Scientists have dedicated their lives to finding a cure for cancer. America became a science hub for cancer research, particularly after President Richard Nixon declared the “war on cancer” in 1971. As a result, extensive research has been published on how cancer functions and different ways to target both solid and hematologic malignancies. Unfortunately, there is currently not a cure for cancer. Although some patients are treated and enter remission, tumors can reoccur. In addition, some tumor types are harder to treat than others. Although the science community is hopeful to effectively treat each type of cancer, more work is needed to discern why some tumors are harder to treat than others.
Many tumors evade the immune system through different mechanisms and mutations.
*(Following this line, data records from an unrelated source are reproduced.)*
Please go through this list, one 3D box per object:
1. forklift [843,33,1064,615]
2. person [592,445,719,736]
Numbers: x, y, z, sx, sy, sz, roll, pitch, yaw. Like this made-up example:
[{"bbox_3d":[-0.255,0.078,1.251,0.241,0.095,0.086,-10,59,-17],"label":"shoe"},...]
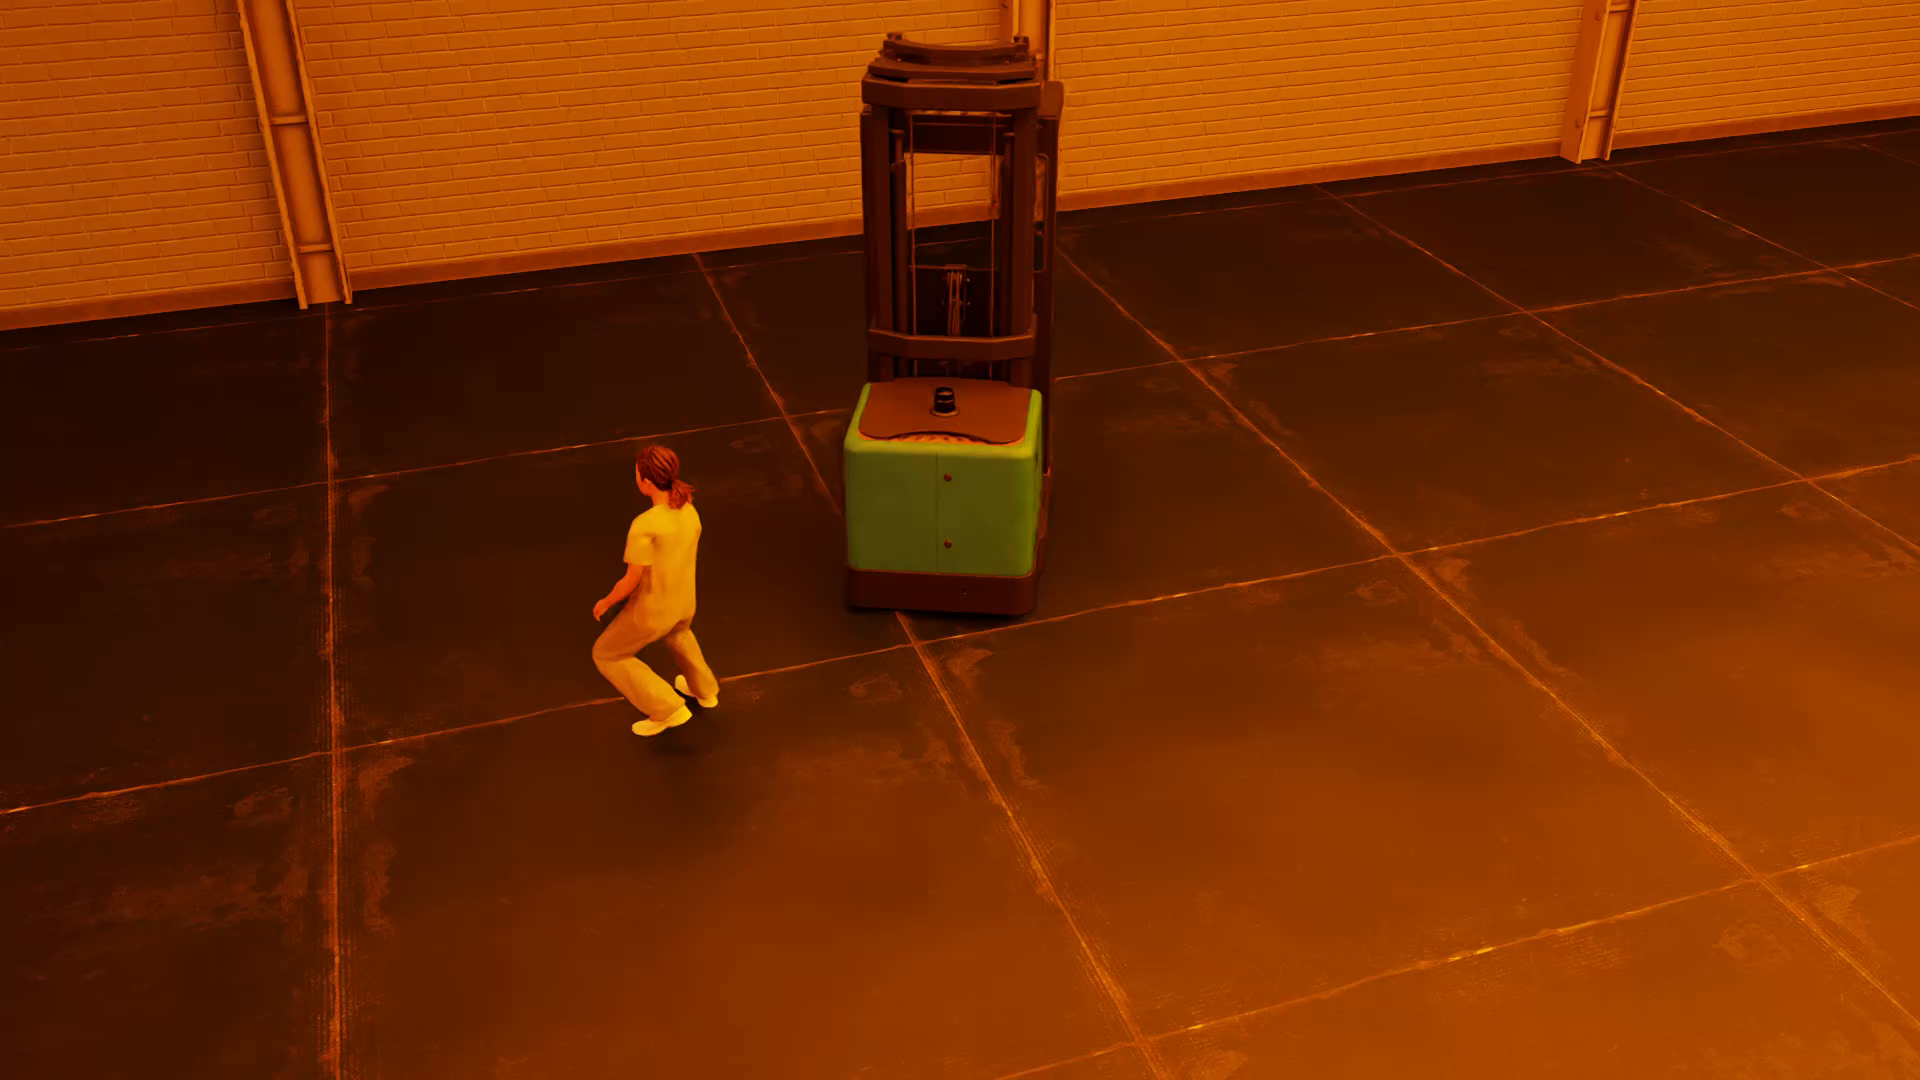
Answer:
[{"bbox_3d":[0.019,-1.566,9.809,1.130,2.935,3.031,3,30,5],"label":"forklift"},{"bbox_3d":[-1.441,0.253,8.005,0.484,1.572,0.664,18,34,28],"label":"person"}]
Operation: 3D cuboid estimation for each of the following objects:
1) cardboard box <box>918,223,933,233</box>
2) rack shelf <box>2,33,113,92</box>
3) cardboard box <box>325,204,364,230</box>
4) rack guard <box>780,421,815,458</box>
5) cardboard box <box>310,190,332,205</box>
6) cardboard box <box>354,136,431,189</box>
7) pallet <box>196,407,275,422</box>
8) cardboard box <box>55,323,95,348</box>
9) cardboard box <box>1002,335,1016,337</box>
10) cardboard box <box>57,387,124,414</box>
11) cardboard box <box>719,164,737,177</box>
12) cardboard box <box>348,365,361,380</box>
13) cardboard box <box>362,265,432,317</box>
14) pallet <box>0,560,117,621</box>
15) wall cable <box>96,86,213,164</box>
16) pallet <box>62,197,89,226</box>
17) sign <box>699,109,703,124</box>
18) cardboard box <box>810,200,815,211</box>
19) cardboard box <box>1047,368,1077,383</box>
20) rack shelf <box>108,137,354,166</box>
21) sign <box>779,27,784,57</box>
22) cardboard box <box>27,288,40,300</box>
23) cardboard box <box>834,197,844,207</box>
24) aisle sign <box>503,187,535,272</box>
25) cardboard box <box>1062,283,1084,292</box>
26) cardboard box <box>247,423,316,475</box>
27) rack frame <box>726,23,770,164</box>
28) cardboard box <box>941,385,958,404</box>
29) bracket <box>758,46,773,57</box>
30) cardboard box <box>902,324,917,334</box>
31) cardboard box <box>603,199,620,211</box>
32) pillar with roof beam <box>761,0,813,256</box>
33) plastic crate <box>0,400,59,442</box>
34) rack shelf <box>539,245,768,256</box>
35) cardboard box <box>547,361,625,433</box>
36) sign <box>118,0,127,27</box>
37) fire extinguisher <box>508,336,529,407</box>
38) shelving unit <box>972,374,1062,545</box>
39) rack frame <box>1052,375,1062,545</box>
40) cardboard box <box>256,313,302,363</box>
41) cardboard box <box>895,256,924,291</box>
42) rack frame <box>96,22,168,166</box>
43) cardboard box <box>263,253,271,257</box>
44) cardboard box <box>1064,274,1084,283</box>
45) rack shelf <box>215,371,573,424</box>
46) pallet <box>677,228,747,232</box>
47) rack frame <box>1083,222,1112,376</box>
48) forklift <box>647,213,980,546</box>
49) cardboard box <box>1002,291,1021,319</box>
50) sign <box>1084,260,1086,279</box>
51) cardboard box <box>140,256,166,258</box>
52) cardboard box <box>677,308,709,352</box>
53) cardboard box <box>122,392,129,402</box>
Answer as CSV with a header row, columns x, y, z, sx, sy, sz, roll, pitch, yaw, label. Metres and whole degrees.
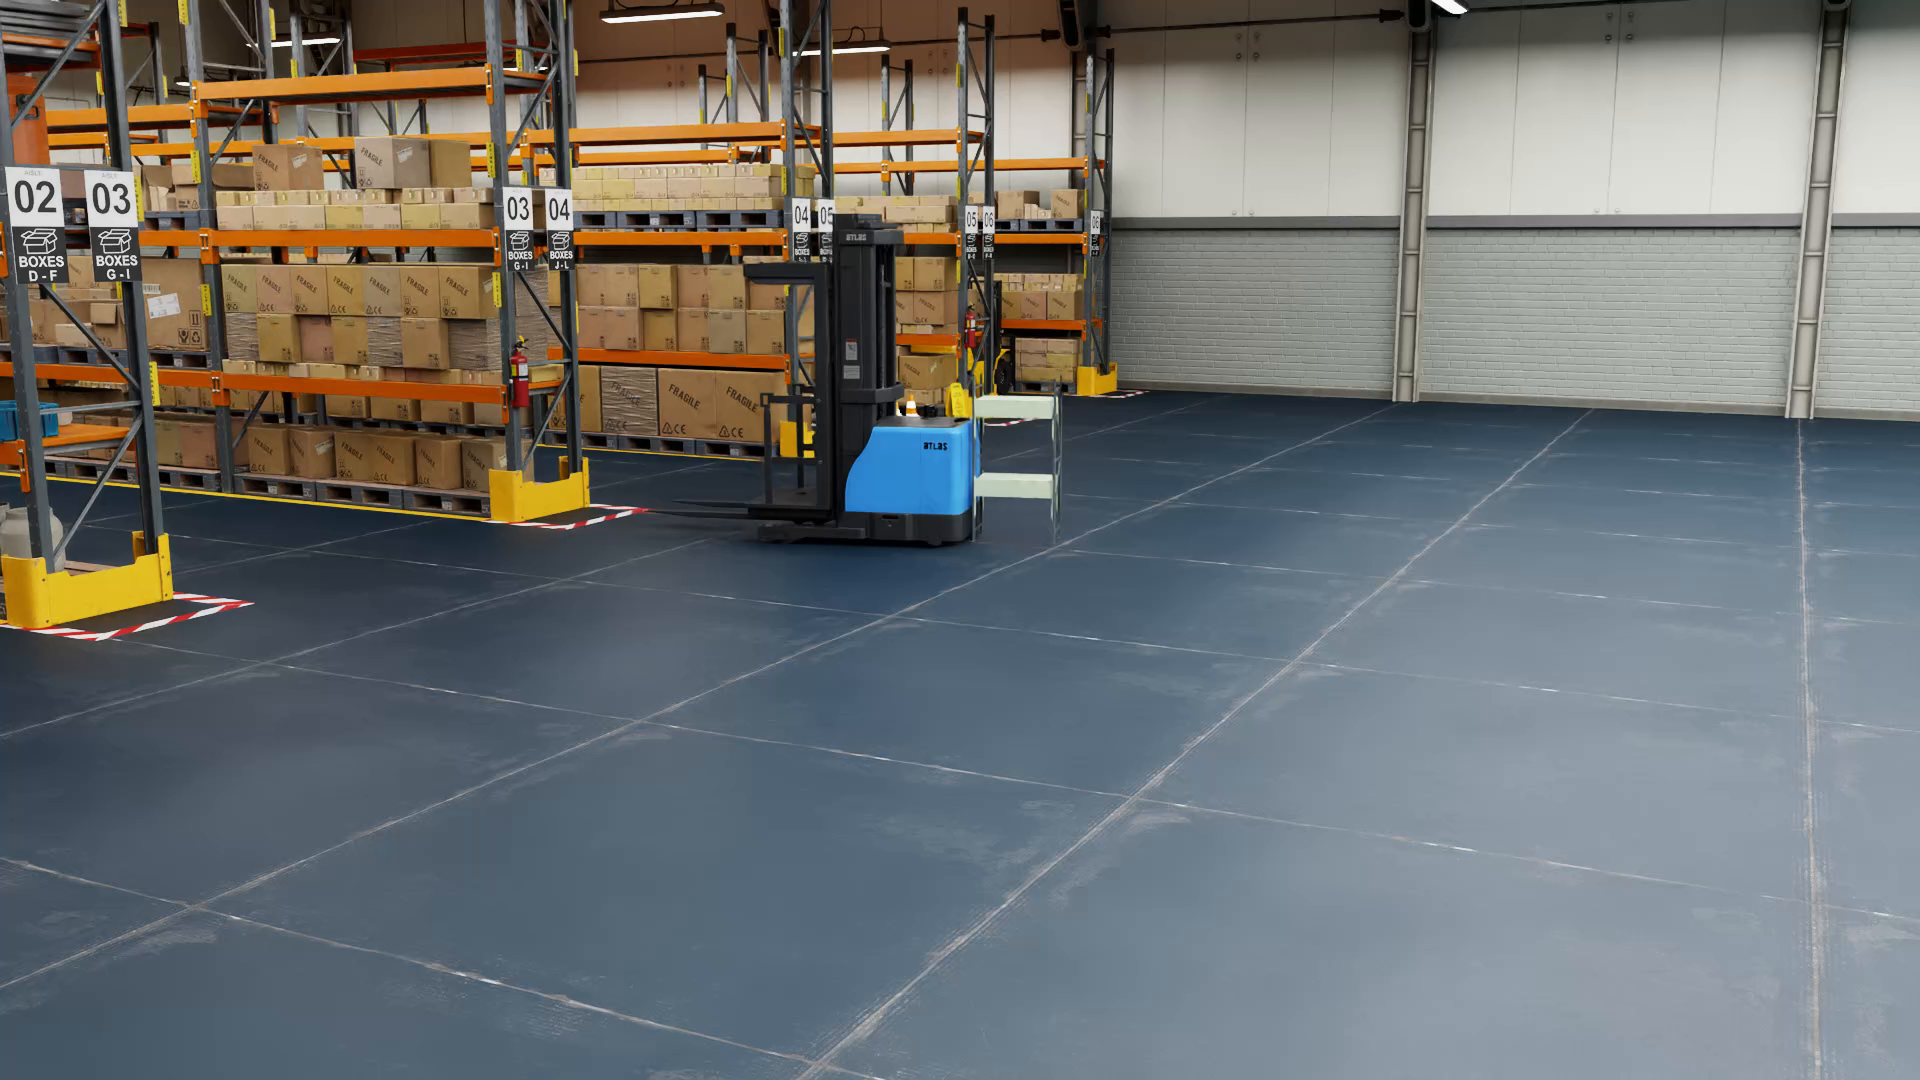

Therapy-resistant cells may stay dormant for a period of time before proliferating, which results in cancer recurrence. Additionally, different surface markers prevent immune cell activation which target cancer. This allows the tumor to proliferate without an immune cell response. Many different immunotherapies being developed target these surface markers to activate T cells, which kill or lyse infections. The type of immunotherapy that refers to the blockade of cell-to-cell interactions is known as checkpoint inhibitors. Checkpoint proteins are surface markers that help the immune cell differentiate from self. More specifically, these cells provide a signal for immune cells to avoid lysing healthy cells and protect from autoimmunity. However, tumors use a selection of checkpoint proteins to avoid immune cell detection. Inhibition of these protein interactions has been successful and has even resulted in cancer remission. While studies show significant improvement in patients with checkpoint inhibitors or blockade, the mechanism that drives the anti-tumor response is still unclear.
A recent article published in Cell Reports, by Dr. Li Lily Wang and others, demonstrated another checkpoint protein that improves cancer therapy. V-domain Ig suppressor of T cell activation (VISTA) is a rising target for checkpoint blockade therapy. It is associated with tumor progression through its expression on myeloid-derived suppressor cells (MDSCs). MDSCs are highly immunosuppressive and allow the rapid progression of cancer. However, the connect between VISTA and MDSCs was previously unknown.
Wang and others, at the Cleveland Clinic, reported that blockade of VISTA results in significant tumor reduction. To further elucidate the mechanism that promoted this change, researchers investigated the different pathways associated with VISTA. Surprisingly, VISTA was involved in a feedback loop which promotes STAT3 – a gene that encodes for a protein responsible for cell function and survival. Prior attempts to reduce tumor growth by inhibiting STAT3 failed. However, blocking VISTA has become an indirect way to manipulate the STAT3 pathway. The connection between VISTA and STAT3 within MDSCs provides the mechanism to better treat tumors. In addition, toxicity is limited due to overly expressed VISTA on tumor infiltrating lymphocytes or immune cells and myeloid cells that promote cancer progression. Therefore, this VISTA checkpoint blockade is associated with increased tumor specificity and low adverse side effects.
Overall, Wang and others demonstrate for the first time that VISTA blockade acts through the STAT3 pathway in MDSCs, which results in tumor reduction. Additionally, this work builds on STAT3 literature and poses a solution to indirectly manipulate the protein which was previously ineffective. More work needs to be done to translate this therapeutic treatment to the clinic but provides promise for improved cancer immunotherapy.